The second part has to do with what's known as mandatory arbitration. It would say any newly created union, if they were having difficult coming to a first contract with their employer, it would get tossed to some sort of federal arbitrator who would make a decision about the contract.
GIGOT: And that second part, in particular, would put unions in the driver's seat when it comes to being able to negotiate a contract. If they can't settle after 120 days, the union could run out of clock and this arbitrator would settle in between whatever the two offers were.
James, I think this is the biggest — this would be the biggest change in union law in 60 years. So this is labor's number one priority.
JAMES FREEMAN, ASSITANT EDITORIAL PAGE EDITOR: Huge. And the reason they're bringing out the brass knuckles, the reason they're trying to stop this advertising and lobbying campaign is because it's working. This is really bad policy saying you want to take away the secret ballot. I have to believe if there's one vote where Mitch McConnell can hold his caucus...
GIGOT: He's the Republican major leader.
FREEMAN: Then you look at Democrats. This is a tough vote, especially for moderate southern Democrats, saying we're going to take away secret ballot or in the arbitration setting, we'll let the government set pay and benefits.
GIGOT: Colin, what are unions doing to get businesses to stop lobbying against them?
COLIN LEVY, SENIOR EDITORIAL WRITER: It's a classic case where they're using their toughest tactics to push their legislative agenda. They've written a letter — a group of unions led by the Service Employees International Union, wrote a letter a few weeks ago to Treasury Secretary Tim Geithner suggesting that these banks or companies that receive funds from the Troubled Asset Relief Programs shouldn't be able to lobby — shouldn't be able to lobby.
GIGOT: Saying to Geithner, look, you should cut these folks off if they keep lobbying against us. And they mentioned specifically the principal financial group out of Des Moines which had been playing a role against this.
Is this kosher, can you do that?
LEVY: Well, this is something that's a complete double standard by the union because unions every year receive millions of dollars in grants from agencies that they lobby. So there's really a case of the pot and the kettle here.
DAN HENNINGER, COLUMNIST & DEPUTY EDITOR: I think the fact we're describing in here is so much of this rubs people the wrong way. First of all the Card Check is a union organizer, going up to some guy and saying, hey, you want to join the union and sign this card.
GIGOT: Just so people understand, typically, you will be able to make that decision in private. If they come up to you and say, will you sign this card, and you don't do it, there's very visible peer pressure.
HENNINGER: I would say so. I would say so.
GIGOT: Put the arm around you and say, hey, Dan, you going to sign or not.
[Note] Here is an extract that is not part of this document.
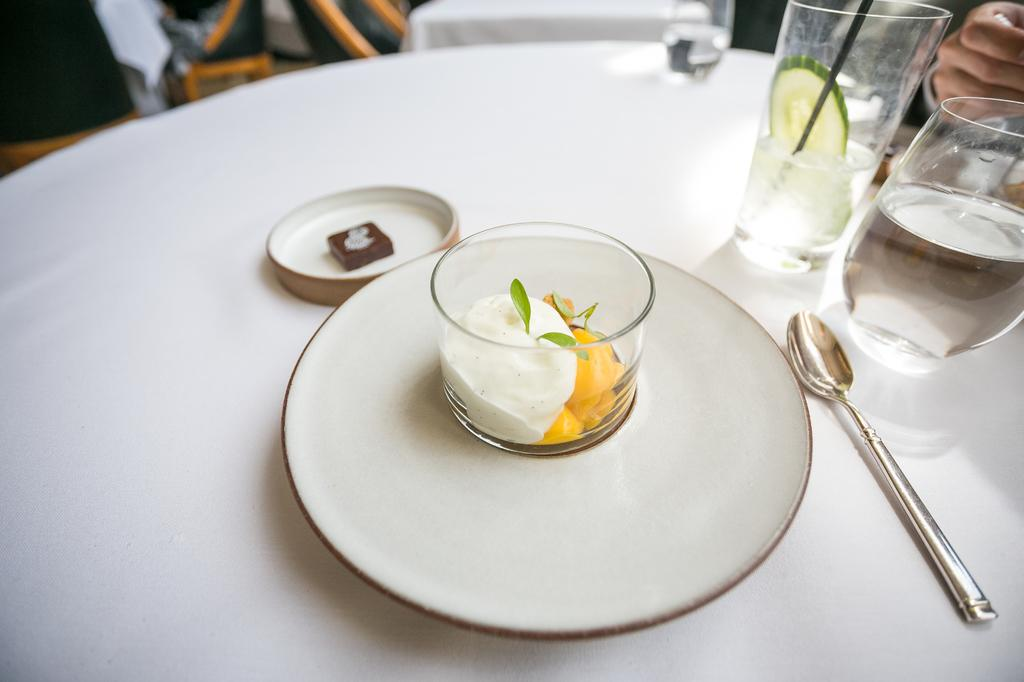What is the person in the image doing? The person is sitting behind the table. What is covering the table in the image? The table is covered with a white cloth. What items can be seen on the table? There is a plate, a spoon, a glass, and food on the table. What type of calculator is visible on the table in the image? There is no calculator present on the table in the image. What thought is the person having while sitting behind the table? The image does not provide any information about the person's thoughts, so it cannot be determined from the image.

HENNINGER: And the second point, beyond that, if you join the unions, then a certain percentage of your paycheck would be taken out for union goes that go for political organizing. There's an element of desperation here. The unions are faced with economic reality. They're in a global economy. Wages are competitive now. And it's very difficult for them to maintain those wage scales. And to take these steps shows just how desperate they are.
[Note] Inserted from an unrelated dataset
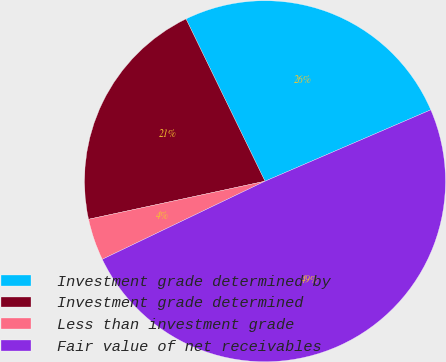Convert chart to OTSL. <chart><loc_0><loc_0><loc_500><loc_500><pie_chart><fcel>Investment grade determined by<fcel>Investment grade determined<fcel>Less than investment grade<fcel>Fair value of net receivables<nl><fcel>25.74%<fcel>21.17%<fcel>3.74%<fcel>49.35%<nl></chart>

The Chamber of Commerce, business is going to go to the masses, make big ad buys, explain this to the American people. As we were just suggesting, it could be a very difficult vote I think at crunch time in Congress. They have to go to their compromise solution.
STRASSEL: You know, — sorry. I was just going to say, too, this is a case where unions are trying to the take the opportunity of a down economy, when companies are sort of unpopular, to push their, you know — reverse the trend of the declining unionization. The unions used to be about 20 percent of the economy back in — the work force back in 1980. and they're down to 12 percent now. So they're seeing a small uptick in that regard and that's what they're going for while businesses are on the defensive.
GIGOT: Kim, which Senate Democrats are going wobbly, if any?
STRASSEL: There are a number of them. First of all, the one Republican who voted for this back in 2007, Arlen Specter, is backing away. You have, for instance, two of them, Blanch Lincoln, Mark Prior, both Democrats from Arkansas. Wal-Mart is in their state. People are worried about what this would do to economic performance of Wal-mart. You've got some of the new Colorado Senators, Senator Bennett, and Senator Udall, who are on the fence. You've got some other red state Democrats who are concerned.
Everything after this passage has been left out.